- [Your objective] Every line that contains "bars" must be located and copied from the data.

(Dataset items)
===============
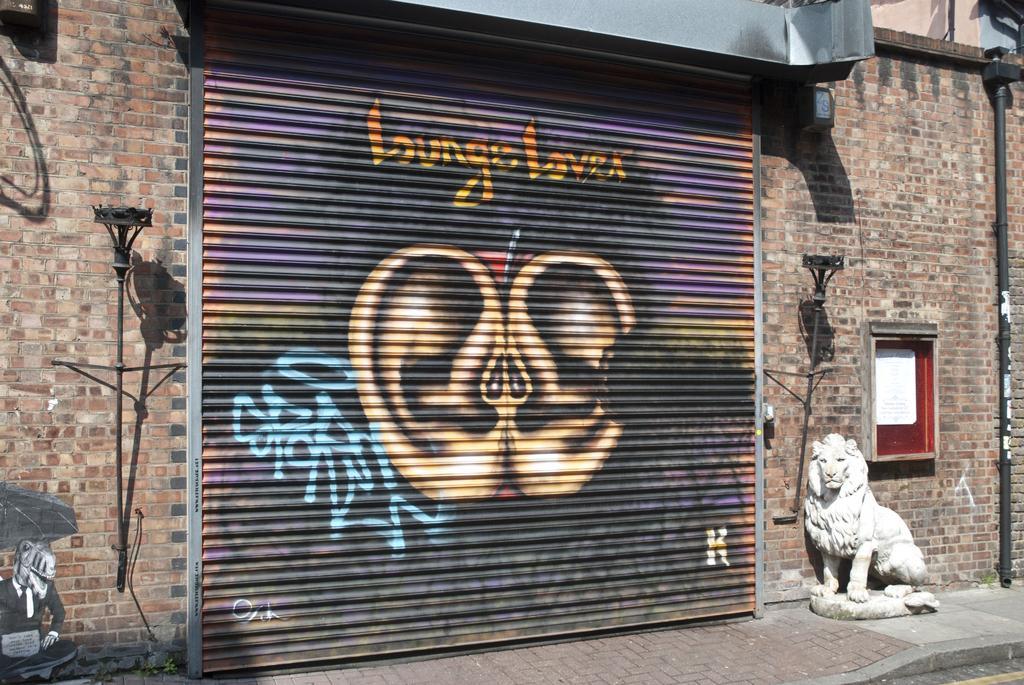Could you give a brief overview of what you see in this image? In this image, I can see graffiti on a rolling shutter and there are ancient torch holders, a board and a pipe attached to the wall. At the bottom of the image, I can see a statue of a lion. In the bottom left corner of the image, there is a painting on the wall. 
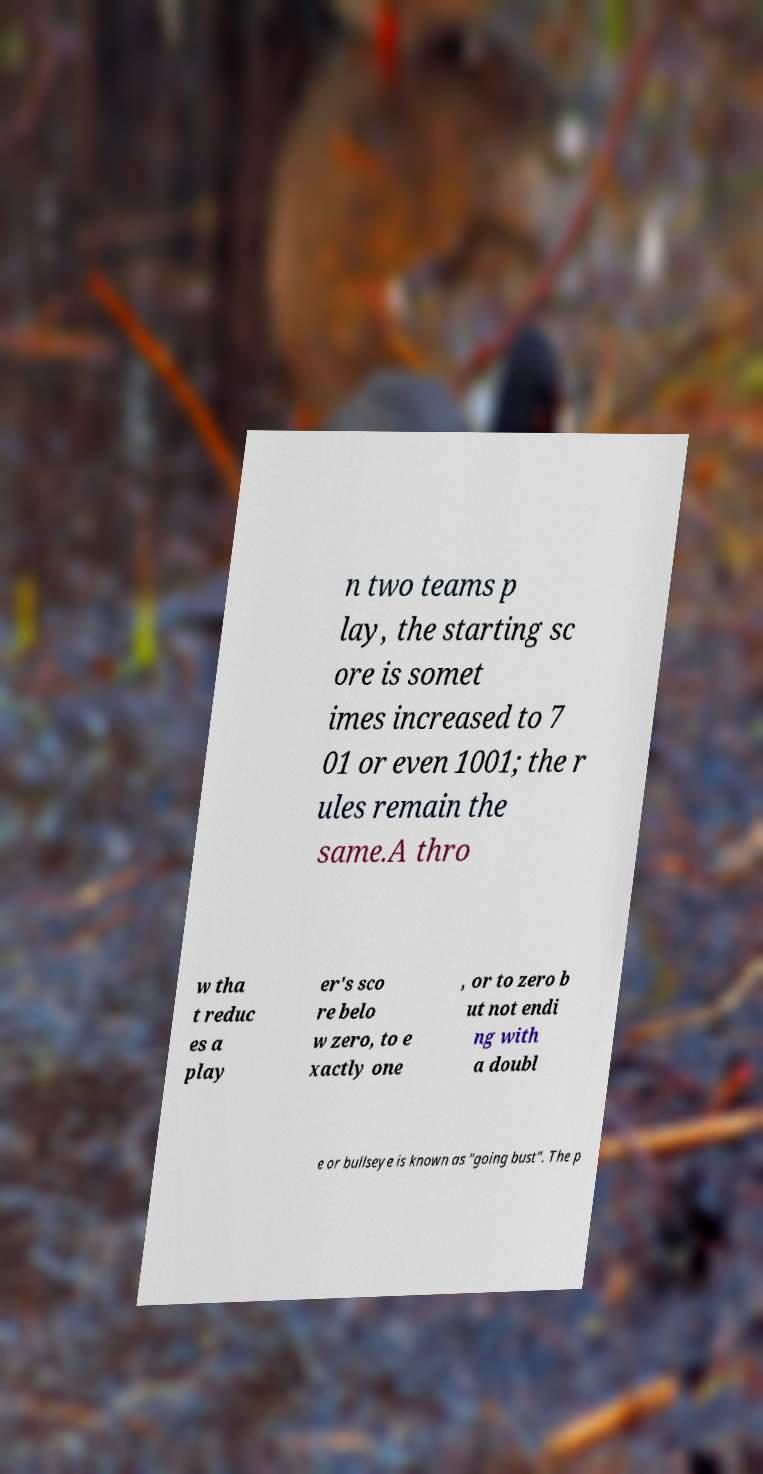Could you assist in decoding the text presented in this image and type it out clearly? n two teams p lay, the starting sc ore is somet imes increased to 7 01 or even 1001; the r ules remain the same.A thro w tha t reduc es a play er's sco re belo w zero, to e xactly one , or to zero b ut not endi ng with a doubl e or bullseye is known as "going bust". The p 
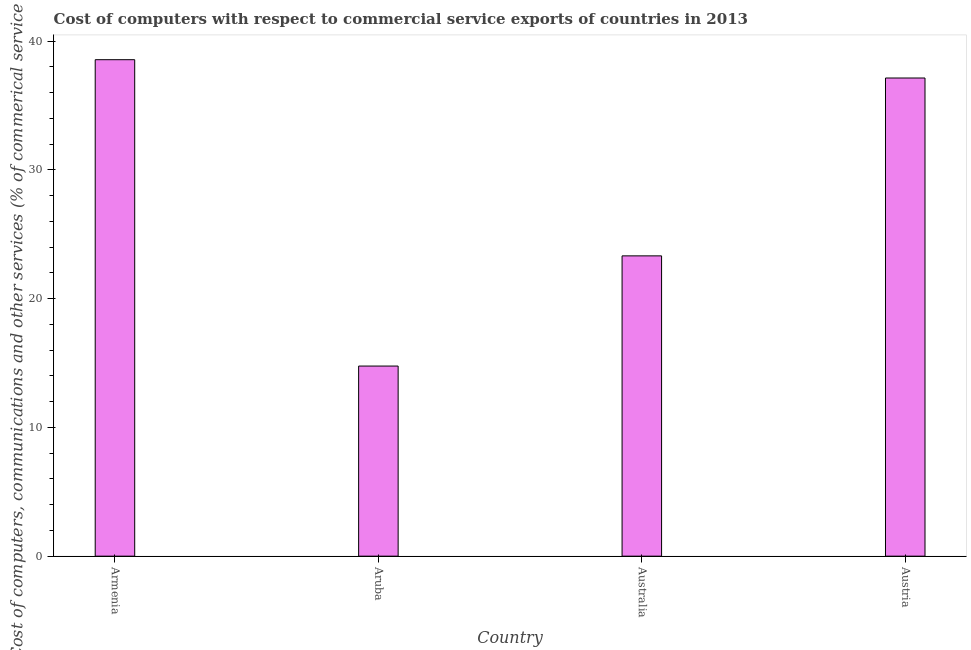What is the title of the graph?
Keep it short and to the point. Cost of computers with respect to commercial service exports of countries in 2013. What is the label or title of the X-axis?
Provide a succinct answer. Country. What is the label or title of the Y-axis?
Give a very brief answer. Cost of computers, communications and other services (% of commerical service exports). What is the cost of communications in Armenia?
Give a very brief answer. 38.55. Across all countries, what is the maximum  computer and other services?
Your answer should be compact. 38.55. Across all countries, what is the minimum  computer and other services?
Your answer should be compact. 14.76. In which country was the cost of communications maximum?
Your answer should be compact. Armenia. In which country was the  computer and other services minimum?
Your answer should be compact. Aruba. What is the sum of the  computer and other services?
Keep it short and to the point. 113.75. What is the difference between the  computer and other services in Aruba and Austria?
Ensure brevity in your answer.  -22.36. What is the average cost of communications per country?
Make the answer very short. 28.44. What is the median  computer and other services?
Your response must be concise. 30.22. In how many countries, is the cost of communications greater than 14 %?
Your response must be concise. 4. What is the ratio of the  computer and other services in Armenia to that in Australia?
Your answer should be compact. 1.65. Is the cost of communications in Aruba less than that in Australia?
Ensure brevity in your answer.  Yes. Is the difference between the  computer and other services in Aruba and Australia greater than the difference between any two countries?
Your response must be concise. No. What is the difference between the highest and the second highest cost of communications?
Offer a very short reply. 1.42. What is the difference between the highest and the lowest cost of communications?
Offer a terse response. 23.79. In how many countries, is the  computer and other services greater than the average  computer and other services taken over all countries?
Give a very brief answer. 2. How many bars are there?
Provide a short and direct response. 4. Are all the bars in the graph horizontal?
Offer a very short reply. No. How many countries are there in the graph?
Ensure brevity in your answer.  4. Are the values on the major ticks of Y-axis written in scientific E-notation?
Make the answer very short. No. What is the Cost of computers, communications and other services (% of commerical service exports) of Armenia?
Your answer should be very brief. 38.55. What is the Cost of computers, communications and other services (% of commerical service exports) of Aruba?
Provide a short and direct response. 14.76. What is the Cost of computers, communications and other services (% of commerical service exports) in Australia?
Provide a succinct answer. 23.32. What is the Cost of computers, communications and other services (% of commerical service exports) of Austria?
Give a very brief answer. 37.13. What is the difference between the Cost of computers, communications and other services (% of commerical service exports) in Armenia and Aruba?
Ensure brevity in your answer.  23.79. What is the difference between the Cost of computers, communications and other services (% of commerical service exports) in Armenia and Australia?
Provide a succinct answer. 15.23. What is the difference between the Cost of computers, communications and other services (% of commerical service exports) in Armenia and Austria?
Offer a terse response. 1.42. What is the difference between the Cost of computers, communications and other services (% of commerical service exports) in Aruba and Australia?
Your answer should be compact. -8.56. What is the difference between the Cost of computers, communications and other services (% of commerical service exports) in Aruba and Austria?
Your answer should be compact. -22.37. What is the difference between the Cost of computers, communications and other services (% of commerical service exports) in Australia and Austria?
Make the answer very short. -13.81. What is the ratio of the Cost of computers, communications and other services (% of commerical service exports) in Armenia to that in Aruba?
Your response must be concise. 2.61. What is the ratio of the Cost of computers, communications and other services (% of commerical service exports) in Armenia to that in Australia?
Give a very brief answer. 1.65. What is the ratio of the Cost of computers, communications and other services (% of commerical service exports) in Armenia to that in Austria?
Keep it short and to the point. 1.04. What is the ratio of the Cost of computers, communications and other services (% of commerical service exports) in Aruba to that in Australia?
Offer a terse response. 0.63. What is the ratio of the Cost of computers, communications and other services (% of commerical service exports) in Aruba to that in Austria?
Make the answer very short. 0.4. What is the ratio of the Cost of computers, communications and other services (% of commerical service exports) in Australia to that in Austria?
Offer a terse response. 0.63. 
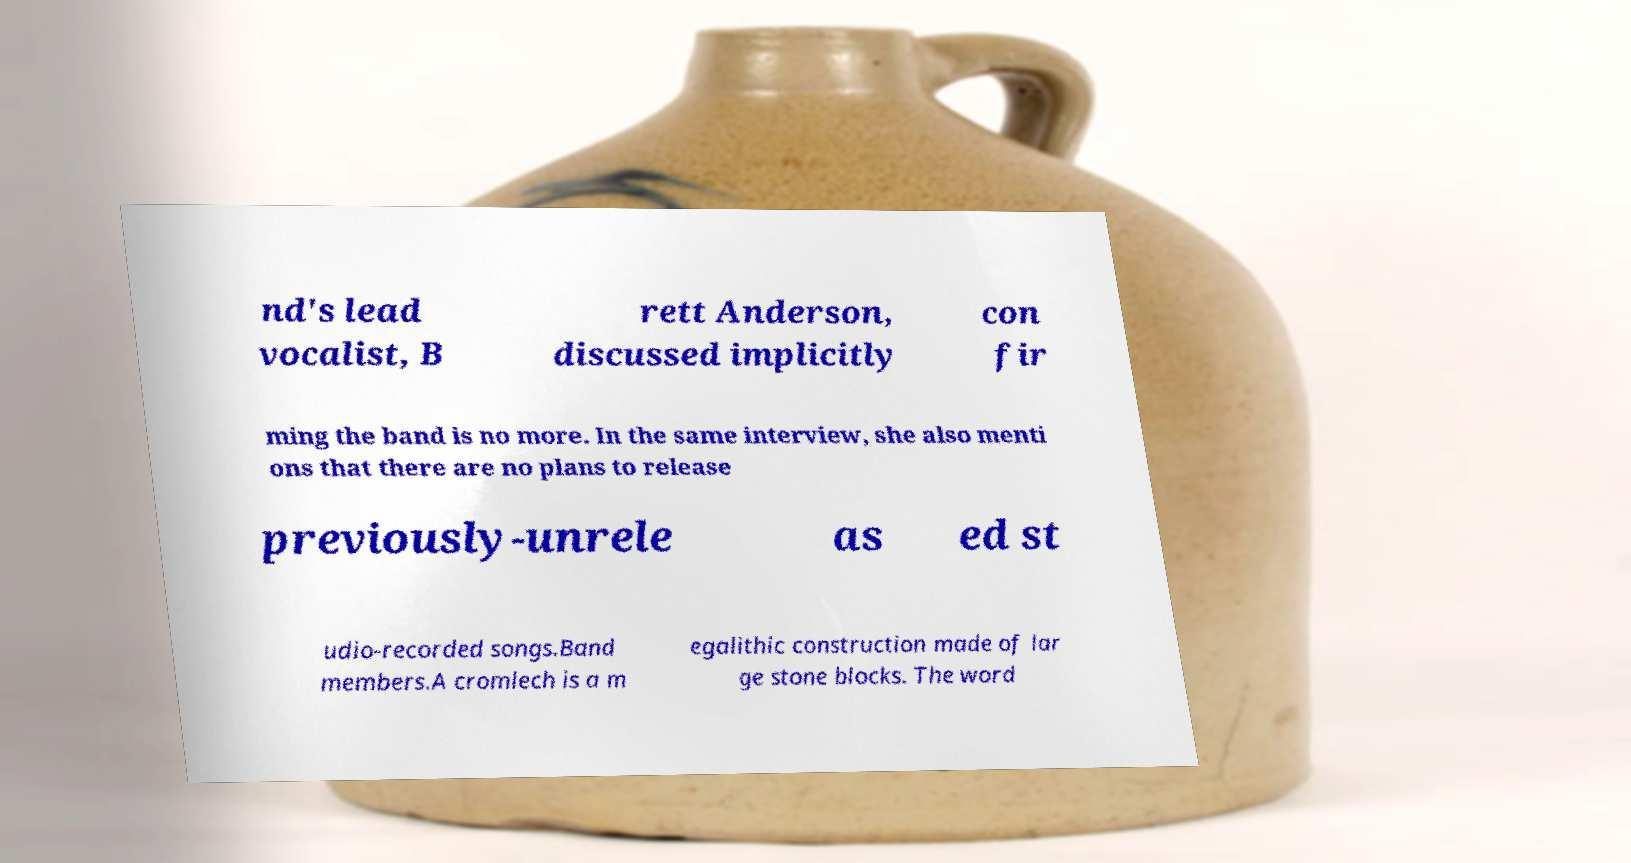For documentation purposes, I need the text within this image transcribed. Could you provide that? nd's lead vocalist, B rett Anderson, discussed implicitly con fir ming the band is no more. In the same interview, she also menti ons that there are no plans to release previously-unrele as ed st udio-recorded songs.Band members.A cromlech is a m egalithic construction made of lar ge stone blocks. The word
===============
- [Answer area]
Give a very brief answer. 2. How many bars are there?
Provide a short and direct response. 4. Are all the bars in the graph horizontal?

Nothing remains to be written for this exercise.